►
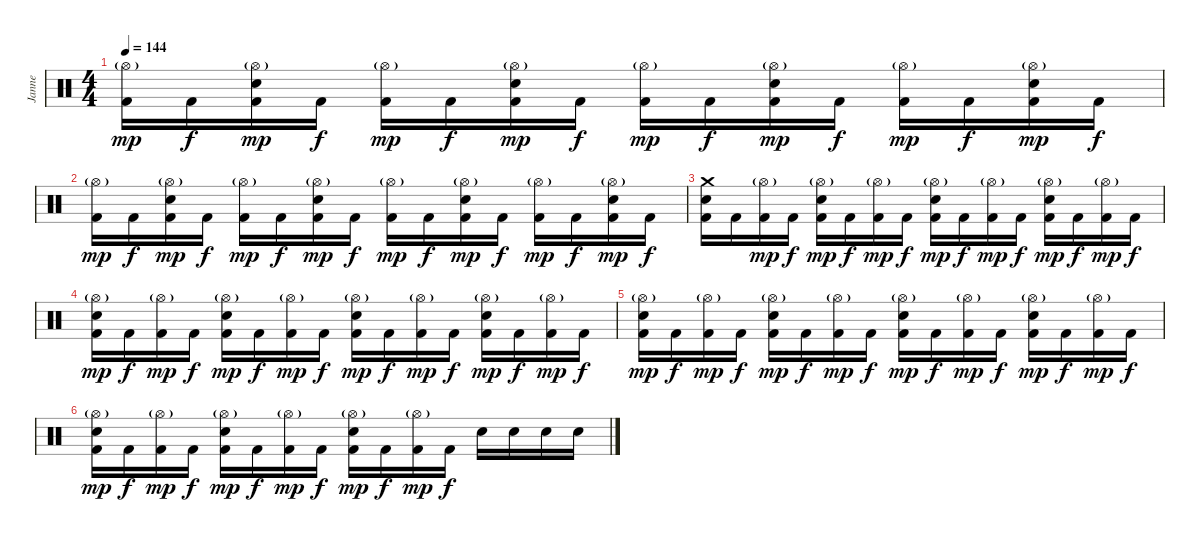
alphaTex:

\track ("Janne" "Janne") {instrument percussion}
\staff {score}
\articulation defaults
\ts (4 4)
\tempo 144
\clef neutral
\ks c
("Kick (hit) 2" "Hi-Hat (open)"{g}).16{dy mp} "Kick (hit) 2".16{dy f} ("Kick (hit) 2" "Snare (hit) 2" "Hi-Hat (open)"{g}).16{dy mp} "Kick (hit) 2".16{dy f} ("Kick (hit) 2" "Hi-Hat (open)"{g}).16{dy mp} "Kick (hit) 2".16{dy f} ("Kick (hit) 2" "Snare (hit) 2" "Hi-Hat (open)"{g}).16{dy mp} "Kick (hit) 2".16{dy f} ("Kick (hit) 2" "Hi-Hat (open)"{g}).16{dy mp} "Kick (hit) 2".16{dy f} ("Kick (hit) 2" "Snare (hit) 2" "Hi-Hat (open)"{g}).16{dy mp} "Kick (hit) 2".16{dy f} ("Kick (hit) 2" "Hi-Hat (open)"{g}).16{dy mp} "Kick (hit) 2".16{dy f} ("Kick (hit) 2" "Snare (hit) 2" "Hi-Hat (open)"{g}).16{dy mp} "Kick (hit) 2".16{dy f} |
("Kick (hit) 2" "Hi-Hat (open)"{g}).16{dy mp} "Kick (hit) 2".16{dy f} ("Kick (hit) 2" "Snare (hit) 2" "Hi-Hat (open)"{g}).16{dy mp} "Kick (hit) 2".16{dy f} ("Kick (hit) 2" "Hi-Hat (open)"{g}).16{dy mp} "Kick (hit) 2".16{dy f} ("Kick (hit) 2" "Snare (hit) 2" "Hi-Hat (open)"{g}).16{dy mp} "Kick (hit) 2".16{dy f} ("Kick (hit) 2" "Hi-Hat (open)"{g}).16{dy mp} "Kick (hit) 2".16{dy f} ("Kick (hit) 2" "Snare (hit) 2" "Hi-Hat (open)"{g}).16{dy mp} "Kick (hit) 2".16{dy f} ("Kick (hit) 2" "Hi-Hat (open)"{g}).16{dy mp} "Kick (hit) 2".16{dy f} ("Kick (hit) 2" "Snare (hit) 2" "Hi-Hat (open)"{g}).16{dy mp} "Kick (hit) 2".16{dy f} |
("Kick (hit) 2" "Snare (hit) 2" "Crash medium (hit)").16 "Kick (hit) 2".16 ("Kick (hit) 2" "Hi-Hat (open)"{g}).16{dy mp} "Kick (hit) 2".16{dy f} ("Kick (hit) 2" "Snare (hit) 2" "Hi-Hat (open)"{g}).16{dy mp} "Kick (hit) 2".16{dy f} ("Kick (hit) 2" "Hi-Hat (open)"{g}).16{dy mp} "Kick (hit) 2".16{dy f} ("Kick (hit) 2" "Snare (hit) 2" "Hi-Hat (open)"{g}).16{dy mp} "Kick (hit) 2".16{dy f} ("Kick (hit) 2" "Hi-Hat (open)"{g}).16{dy mp} "Kick (hit) 2".16{dy f} ("Kick (hit) 2" "Snare (hit) 2" "Hi-Hat (open)"{g}).16{dy mp} "Kick (hit) 2".16{dy f} ("Kick (hit) 2" "Hi-Hat (open)"{g}).16{dy mp} "Kick (hit) 2".16{dy f} |
("Kick (hit) 2" "Snare (hit) 2" "Hi-Hat (open)"{g}).16{dy mp} "Kick (hit) 2".16{dy f} ("Kick (hit) 2" "Hi-Hat (open)"{g}).16{dy mp} "Kick (hit) 2".16{dy f} ("Kick (hit) 2" "Snare (hit) 2" "Hi-Hat (open)"{g}).16{dy mp} "Kick (hit) 2".16{dy f} ("Kick (hit) 2" "Hi-Hat (open)"{g}).16{dy mp} "Kick (hit) 2".16{dy f} ("Kick (hit) 2" "Snare (hit) 2" "Hi-Hat (open)"{g}).16{dy mp} "Kick (hit) 2".16{dy f} ("Kick (hit) 2" "Hi-Hat (open)"{g}).16{dy mp} "Kick (hit) 2".16{dy f} ("Kick (hit) 2" "Snare (hit) 2" "Hi-Hat (open)"{g}).16{dy mp} "Kick (hit) 2".16{dy f} ("Kick (hit) 2" "Hi-Hat (open)"{g}).16{dy mp} "Kick (hit) 2".16{dy f} |
("Kick (hit) 2" "Snare (hit) 2" "Hi-Hat (open)"{g}).16{dy mp} "Kick (hit) 2".16{dy f} ("Kick (hit) 2" "Hi-Hat (open)"{g}).16{dy mp} "Kick (hit) 2".16{dy f} ("Kick (hit) 2" "Snare (hit) 2" "Hi-Hat (open)"{g}).16{dy mp} "Kick (hit) 2".16{dy f} ("Kick (hit) 2" "Hi-Hat (open)"{g}).16{dy mp} "Kick (hit) 2".16{dy f} ("Kick (hit) 2" "Snare (hit) 2" "Hi-Hat (open)"{g}).16{dy mp} "Kick (hit) 2".16{dy f} ("Kick (hit) 2" "Hi-Hat (open)"{g}).16{dy mp} "Kick (hit) 2".16{dy f} ("Kick (hit) 2" "Snare (hit) 2" "Hi-Hat (open)"{g}).16{dy mp} "Kick (hit) 2".16{dy f} ("Kick (hit) 2" "Hi-Hat (open)"{g}).16{dy mp} "Kick (hit) 2".16{dy f} |
("Kick (hit) 2" "Snare (hit) 2" "Hi-Hat (open)"{g}).16{dy mp} "Kick (hit) 2".16{dy f} ("Kick (hit) 2" "Hi-Hat (open)"{g}).16{dy mp} "Kick (hit) 2".16{dy f} ("Kick (hit) 2" "Snare (hit) 2" "Hi-Hat (open)"{g}).16{dy mp} "Kick (hit) 2".16{dy f} ("Kick (hit) 2" "Hi-Hat (open)"{g}).16{dy mp} "Kick (hit) 2".16{dy f} ("Kick (hit) 2" "Snare (hit) 2" "Hi-Hat (open)"{g}).16{dy mp} "Kick (hit) 2".16{dy f} ("Kick (hit) 2" "Hi-Hat (open)"{g}).16{dy mp} "Kick (hit) 2".16{dy f} "Snare (hit) 2".16 "Snare (hit) 2".16 "Snare (hit) 2".16 "Snare (hit) 2".16
◄
> _TASK ITEM_: Set down the records again exactly as they appear, leaving each picture behind.

> _THE COMPLETED TASK_:
alphaTex:

\track ("Janne" "Janne") {instrument percussion}
\staff {score}
\articulation defaults
\ts (4 4)
\tempo 144
\clef neutral
\ks c
("Kick (hit) 2" "Hi-Hat (open)"{g}).16{dy mp} "Kick (hit) 2".16{dy f} ("Kick (hit) 2" "Snare (hit) 2" "Hi-Hat (open)"{g}).16{dy mp} "Kick (hit) 2".16{dy f} ("Kick (hit) 2" "Hi-Hat (open)"{g}).16{dy mp} "Kick (hit) 2".16{dy f} ("Kick (hit) 2" "Snare (hit) 2" "Hi-Hat (open)"{g}).16{dy mp} "Kick (hit) 2".16{dy f} ("Kick (hit) 2" "Hi-Hat (open)"{g}).16{dy mp} "Kick (hit) 2".16{dy f} ("Kick (hit) 2" "Snare (hit) 2" "Hi-Hat (open)"{g}).16{dy mp} "Kick (hit) 2".16{dy f} ("Kick (hit) 2" "Hi-Hat (open)"{g}).16{dy mp} "Kick (hit) 2".16{dy f} ("Kick (hit) 2" "Snare (hit) 2" "Hi-Hat (open)"{g}).16{dy mp} "Kick (hit) 2".16{dy f} |
("Kick (hit) 2" "Hi-Hat (open)"{g}).16{dy mp} "Kick (hit) 2".16{dy f} ("Kick (hit) 2" "Snare (hit) 2" "Hi-Hat (open)"{g}).16{dy mp} "Kick (hit) 2".16{dy f} ("Kick (hit) 2" "Hi-Hat (open)"{g}).16{dy mp} "Kick (hit) 2".16{dy f} ("Kick (hit) 2" "Snare (hit) 2" "Hi-Hat (open)"{g}).16{dy mp} "Kick (hit) 2".16{dy f} ("Kick (hit) 2" "Hi-Hat (open)"{g}).16{dy mp} "Kick (hit) 2".16{dy f} ("Kick (hit) 2" "Snare (hit) 2" "Hi-Hat (open)"{g}).16{dy mp} "Kick (hit) 2".16{dy f} ("Kick (hit) 2" "Hi-Hat (open)"{g}).16{dy mp} "Kick (hit) 2".16{dy f} ("Kick (hit) 2" "Snare (hit) 2" "Hi-Hat (open)"{g}).16{dy mp} "Kick (hit) 2".16{dy f} |
("Kick (hit) 2" "Snare (hit) 2" "Crash medium (hit)").16 "Kick (hit) 2".16 ("Kick (hit) 2" "Hi-Hat (open)"{g}).16{dy mp} "Kick (hit) 2".16{dy f} ("Kick (hit) 2" "Snare (hit) 2" "Hi-Hat (open)"{g}).16{dy mp} "Kick (hit) 2".16{dy f} ("Kick (hit) 2" "Hi-Hat (open)"{g}).16{dy mp} "Kick (hit) 2".16{dy f} ("Kick (hit) 2" "Snare (hit) 2" "Hi-Hat (open)"{g}).16{dy mp} "Kick (hit) 2".16{dy f} ("Kick (hit) 2" "Hi-Hat (open)"{g}).16{dy mp} "Kick (hit) 2".16{dy f} ("Kick (hit) 2" "Snare (hit) 2" "Hi-Hat (open)"{g}).16{dy mp} "Kick (hit) 2".16{dy f} ("Kick (hit) 2" "Hi-Hat (open)"{g}).16{dy mp} "Kick (hit) 2".16{dy f} |
("Kick (hit) 2" "Snare (hit) 2" "Hi-Hat (open)"{g}).16{dy mp} "Kick (hit) 2".16{dy f} ("Kick (hit) 2" "Hi-Hat (open)"{g}).16{dy mp} "Kick (hit) 2".16{dy f} ("Kick (hit) 2" "Snare (hit) 2" "Hi-Hat (open)"{g}).16{dy mp} "Kick (hit) 2".16{dy f} ("Kick (hit) 2" "Hi-Hat (open)"{g}).16{dy mp} "Kick (hit) 2".16{dy f} ("Kick (hit) 2" "Snare (hit) 2" "Hi-Hat (open)"{g}).16{dy mp} "Kick (hit) 2".16{dy f} ("Kick (hit) 2" "Hi-Hat (open)"{g}).16{dy mp} "Kick (hit) 2".16{dy f} ("Kick (hit) 2" "Snare (hit) 2" "Hi-Hat (open)"{g}).16{dy mp} "Kick (hit) 2".16{dy f} ("Kick (hit) 2" "Hi-Hat (open)"{g}).16{dy mp} "Kick (hit) 2".16{dy f} |
("Kick (hit) 2" "Snare (hit) 2" "Hi-Hat (open)"{g}).16{dy mp} "Kick (hit) 2".16{dy f} ("Kick (hit) 2" "Hi-Hat (open)"{g}).16{dy mp} "Kick (hit) 2".16{dy f} ("Kick (hit) 2" "Snare (hit) 2" "Hi-Hat (open)"{g}).16{dy mp} "Kick (hit) 2".16{dy f} ("Kick (hit) 2" "Hi-Hat (open)"{g}).16{dy mp} "Kick (hit) 2".16{dy f} ("Kick (hit) 2" "Snare (hit) 2" "Hi-Hat (open)"{g}).16{dy mp} "Kick (hit) 2".16{dy f} ("Kick (hit) 2" "Hi-Hat (open)"{g}).16{dy mp} "Kick (hit) 2".16{dy f} ("Kick (hit) 2" "Snare (hit) 2" "Hi-Hat (open)"{g}).16{dy mp} "Kick (hit) 2".16{dy f} ("Kick (hit) 2" "Hi-Hat (open)"{g}).16{dy mp} "Kick (hit) 2".16{dy f} |
("Kick (hit) 2" "Snare (hit) 2" "Hi-Hat (open)"{g}).16{dy mp} "Kick (hit) 2".16{dy f} ("Kick (hit) 2" "Hi-Hat (open)"{g}).16{dy mp} "Kick (hit) 2".16{dy f} ("Kick (hit) 2" "Snare (hit) 2" "Hi-Hat (open)"{g}).16{dy mp} "Kick (hit) 2".16{dy f} ("Kick (hit) 2" "Hi-Hat (open)"{g}).16{dy mp} "Kick (hit) 2".16{dy f} ("Kick (hit) 2" "Snare (hit) 2" "Hi-Hat (open)"{g}).16{dy mp} "Kick (hit) 2".16{dy f} ("Kick (hit) 2" "Hi-Hat (open)"{g}).16{dy mp} "Kick (hit) 2".16{dy f} "Snare (hit) 2".16 "Snare (hit) 2".16 "Snare (hit) 2".16 "Snare (hit) 2".16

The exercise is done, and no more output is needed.